What's love got to do with it?
How often do we allow ourselves to judge someone — even ourselves — without considering that we are consciousness ever expanding? We form an opinion of someone in a hard season, a bad moment, an old story, and then we keep carrying that opinion long after they've moved past it. An awakened heart is willing to look again. And again. As many times as it takes. It is willing to see the person standing in front of us today, not the version we filed away years ago.
So, what does it actually take to awaken the heart? I've come to believe it happens in two movements: first inward, then outward
The Inward Movement
Before love can move through us toward others, it must find room inside us. We cannot pour from a heart that is clenched, guarded, or full of old static. That happens through four practices:
We calm down. Most of us are running so fast and carrying so much noise that we've forgotten what our own center even feels like. Calming down isn't about doing nothing — it's about slowing ourselves enough to empty out the chatter and reconnect to that quiet place inside that never actually left, it just got buried.
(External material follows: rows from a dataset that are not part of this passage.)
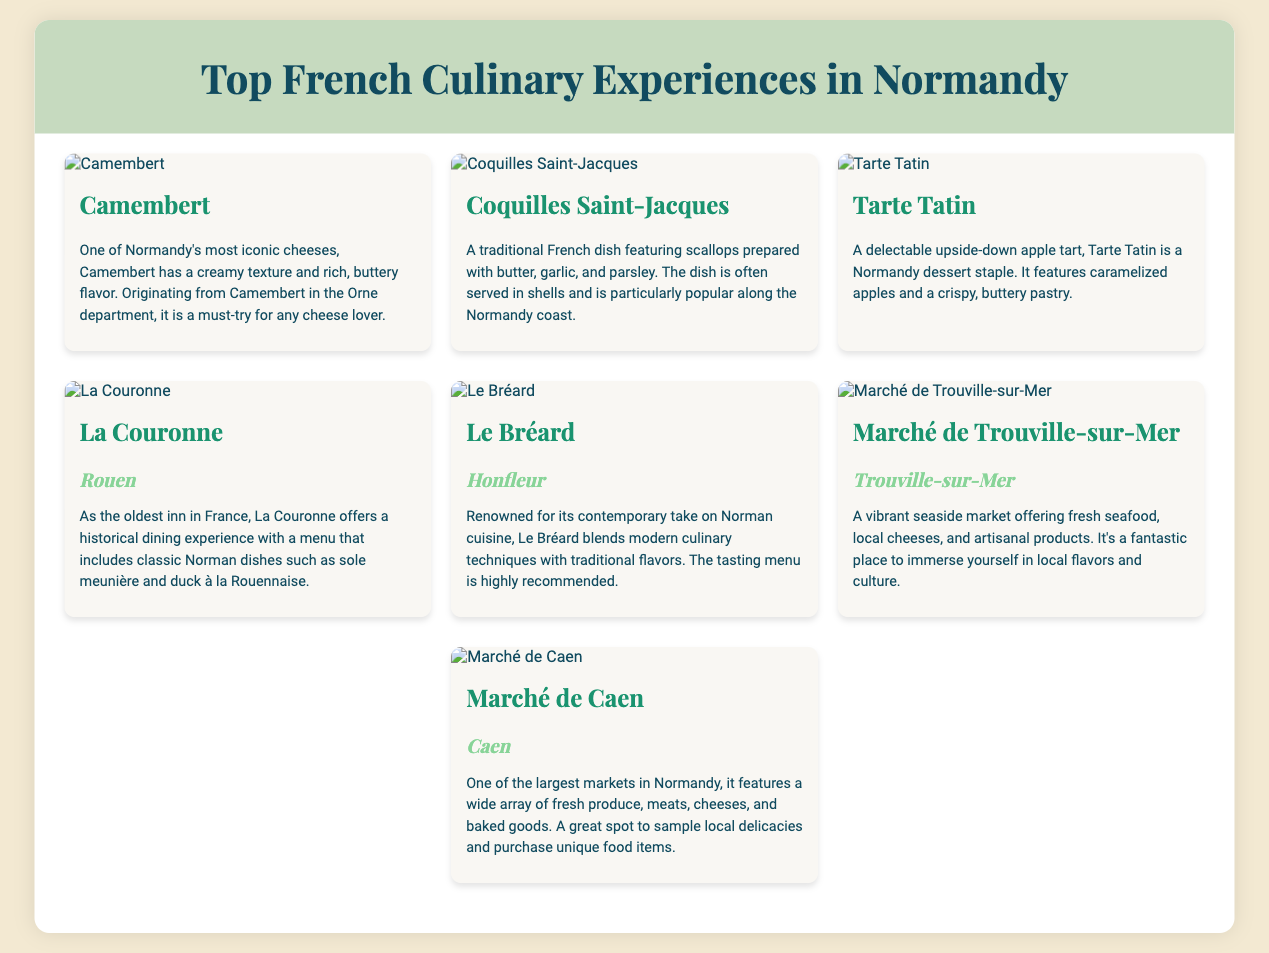What is one of Normandy's most iconic cheeses? The document mentions Camembert as one of Normandy's most iconic cheeses.
Answer: Camembert What dish features scallops prepared with butter, garlic, and parsley? The dish described with scallops prepared with butter, garlic, and parsley is Coquilles Saint-Jacques.
Answer: Coquilles Saint-Jacques What is the main dessert staple of Normandy? The main dessert staple of Normandy mentioned in the document is Tarte Tatin.
Answer: Tarte Tatin Which restaurant is known as the oldest inn in France? The document states that La Couronne is the oldest inn in France.
Answer: La Couronne Where is Le Bréard located? The location of Le Bréard mentioned in the document is Honfleur.
Answer: Honfleur What type of products can be found at Marché de Trouville-sur-Mer? Marché de Trouville-sur-Mer features fresh seafood, local cheeses, and artisanal products.
Answer: Fresh seafood, local cheeses, and artisanal products Which market is one of the largest in Normandy? The document states that Marché de Caen is one of the largest markets in Normandy.
Answer: Marché de Caen What is a recommended option to experience local flavors in Trouville-sur-Mer? The document suggests that visiting Marché de Trouville-sur-Mer is a great way to experience local flavors.
Answer: Marché de Trouville-sur-Mer

You cannot hear your own heart over the noise of a life lived at full volume.
We let the past go. This is not the same as pretending the past didn't happen, or rushing past pain that deserves to be felt. It's something more specific: we keep the lessons, but we release the old stories about how we got them. Carrying yesterday's wound into today's relationship isn't loyalty to your healing — it's just exhaustion wearing a familiar coat.
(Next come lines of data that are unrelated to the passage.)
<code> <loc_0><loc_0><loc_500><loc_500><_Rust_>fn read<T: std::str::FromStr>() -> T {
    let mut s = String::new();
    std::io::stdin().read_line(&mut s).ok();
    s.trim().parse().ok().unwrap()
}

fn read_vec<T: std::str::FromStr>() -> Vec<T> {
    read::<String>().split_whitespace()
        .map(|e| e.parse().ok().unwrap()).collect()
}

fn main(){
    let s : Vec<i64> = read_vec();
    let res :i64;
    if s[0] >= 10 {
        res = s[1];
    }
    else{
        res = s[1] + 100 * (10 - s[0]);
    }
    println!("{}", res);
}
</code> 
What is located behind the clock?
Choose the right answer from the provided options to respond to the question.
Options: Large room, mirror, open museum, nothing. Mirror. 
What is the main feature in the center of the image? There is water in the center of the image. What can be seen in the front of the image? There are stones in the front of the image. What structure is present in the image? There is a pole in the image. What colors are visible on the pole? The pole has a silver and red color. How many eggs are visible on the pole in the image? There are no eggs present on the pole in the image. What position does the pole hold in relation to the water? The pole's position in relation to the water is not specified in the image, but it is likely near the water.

We enlighten ourselves. This is the work of raising our consciousness — and it looks different for every single one of us. For some it's study, for some it's prayer, for some it's simply paying closer attention to the patterns we keep repeating. Whatever the path, the purpose is the same: to respond to life from a place of love rather than reaction, while still powerfully co-creating in alignment with our highest path. It's a daily choice to see a little more clearly than you did yesterday.
We create abundance. We are each Creators at our core — not someday, not once we've earned it, but right now, at this moment. We can build the life we dream of on every level: emotional, spiritual, relational, material. This isn't about denying hardship or papering over real limitations. It's about remembering that abundance is built not despite our circumstances, but through how we choose to meet them.
The Outward Movement
Once the heart has room, love doesn't stay private. It moves outward into how we treat one another — into the texture of our actual, daily relationships. I have found the following eight qualities show us what a truly awakened heart looks like in relationship:
Attention: Neglect born of inattention damages relationships far more often than outright malice ever does. Most heartbreak doesn't come from cruelty — it comes from being looked past, day after day, until you start to wonder if you were ever really seen at all. Showing up, fully, with your phone down and your mind present, is itself an act of love. It costs nothing and it is everything.
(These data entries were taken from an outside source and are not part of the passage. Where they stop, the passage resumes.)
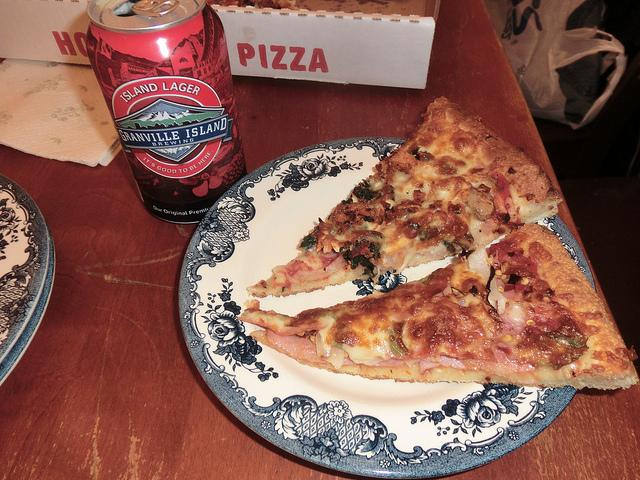What kind of beverage is being enjoyed with the pizza?

Choices:
A) soda
B) beer
C) vodka
D) juice beer 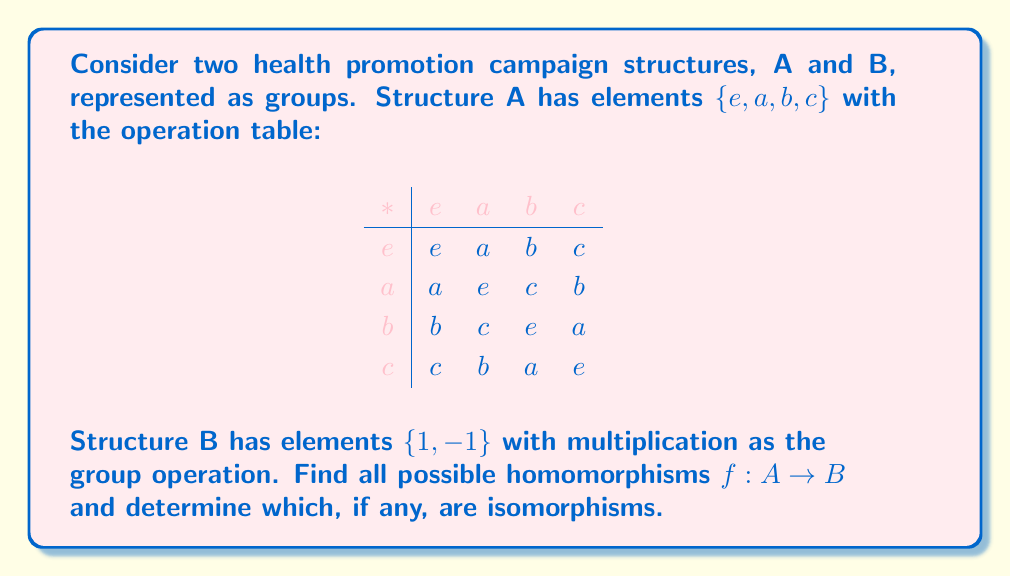Teach me how to tackle this problem. To solve this problem, we need to follow these steps:

1) First, we need to identify the properties of groups A and B:
   - Group A is isomorphic to the Klein four-group V4.
   - Group B is isomorphic to the cyclic group of order 2, C2.

2) A homomorphism $f: A \rightarrow B$ must satisfy the property $f(x * y) = f(x) \cdot f(y)$ for all $x, y \in A$.

3) Since B has only two elements, each element of A must map to either 1 or -1.

4) The identity element of A (e) must always map to the identity element of B (1).

5) Now, let's consider the possible mappings for a, b, and c:

   Case 1: If $f(a) = f(b) = f(c) = 1$, then $f$ is a valid homomorphism.
   
   Case 2: If $f(a) = -1, f(b) = f(c) = 1$, then $f$ is a valid homomorphism.
   
   Case 3: If $f(a) = 1, f(b) = -1, f(c) = 1$, then $f$ is a valid homomorphism.
   
   Case 4: If $f(a) = 1, f(b) = 1, f(c) = -1$, then $f$ is a valid homomorphism.

6) We can verify that these are all possible homomorphisms by checking that $f(x * y) = f(x) \cdot f(y)$ for all $x, y \in A$ in each case.

7) An isomorphism is a bijective homomorphism. For a homomorphism to be bijective:
   - It must be surjective (onto): The image of $f$ must include both elements of B.
   - It must be injective (one-to-one): No two elements of A can map to the same element of B.

8) Examining our homomorphisms:
   - Case 1 is not surjective, so it's not an isomorphism.
   - Cases 2, 3, and 4 are surjective but not injective, so they're not isomorphisms.

Therefore, none of the homomorphisms are isomorphisms.
Answer: There are four homomorphisms from A to B:

1) $f_1(e) = 1, f_1(a) = 1, f_1(b) = 1, f_1(c) = 1$
2) $f_2(e) = 1, f_2(a) = -1, f_2(b) = 1, f_2(c) = 1$
3) $f_3(e) = 1, f_3(a) = 1, f_3(b) = -1, f_3(c) = 1$
4) $f_4(e) = 1, f_4(a) = 1, f_4(b) = 1, f_4(c) = -1$

None of these homomorphisms are isomorphisms.

Trust: The entire fabric of our life together — working, living, breathing alongside one another — rests on a subtle, inherent trust in each other's basic goodness. Without it, every interaction becomes a negotiation. With it, we can rest into one another. Trust is rarely lost in one dramatic moment; more often it erodes in small ones, and it is rebuilt the same slow way.
Honesty: Still, after everything, the best policy. Not the brutal kind that uses truth as a weapon, but the kind that simply refuses to build a relationship on a foundation that isn't real. Every small dishonesty we allow ourselves — the "it's fine" that isn't, the omission we tell ourselves doesn't count — quietly withdraws from a trust account we'll eventually need.
Loyalty: We stand by the people we love in their darkest moments — not because we want to stand in the dark with them, but because we don't want them standing there alone. Loyalty isn't agreement, and it isn't blind defense. It's presence that doesn't disappear when things get hard, which is exactly when presence matters most.
Acceptance: We appreciate our similarities and respect our differences — both, not just one. It is easy to love what mirrors us back to ourselves. It is harder, and far more important, to extend that same regard to what doesn't. Acceptance doesn't mean we abandon discernment; it means we stop requiring someone to become like us before we'll consider them worthy of love.
Forgiveness: Imagine if everyone you knew were equally willing to apologize and to receive an apology. Most of our relational pain lives in that gap — the apology withheld, or the one offered and refused. Forgiveness is your remedy — yours to offer, yours to receive — and it is one of the few medicines that heals the giver as much as the receiver.
Empathy: It is our shared pain, more than our shared joy, that connects us at the deepest level. We are all walking through something, even when it doesn't show. Treating each other with that knowledge — gently, without assumption, with room for what we cannot see — changes everything about how we move through the world together.
Self-Love: Relationships don't create joy — they reflect it. The joy was always meant to come from within first. We cannot offer attention, trust, honesty, loyalty, acceptance, forgiveness, and empathy from an empty well. Self-love fills the well so there is something real to give.
Coming Home to the Heart
Right now, wherever you are, bring your attention into your heart. Place your hand there and feel it — not just as an organ, but as the seat of something larger. Notice the subtle shift in your awareness, the quiet ground beneath fear, sorrow, anger, doubt.
This is the place we should pray from. This is the place we should speak from. This is the place we should live from.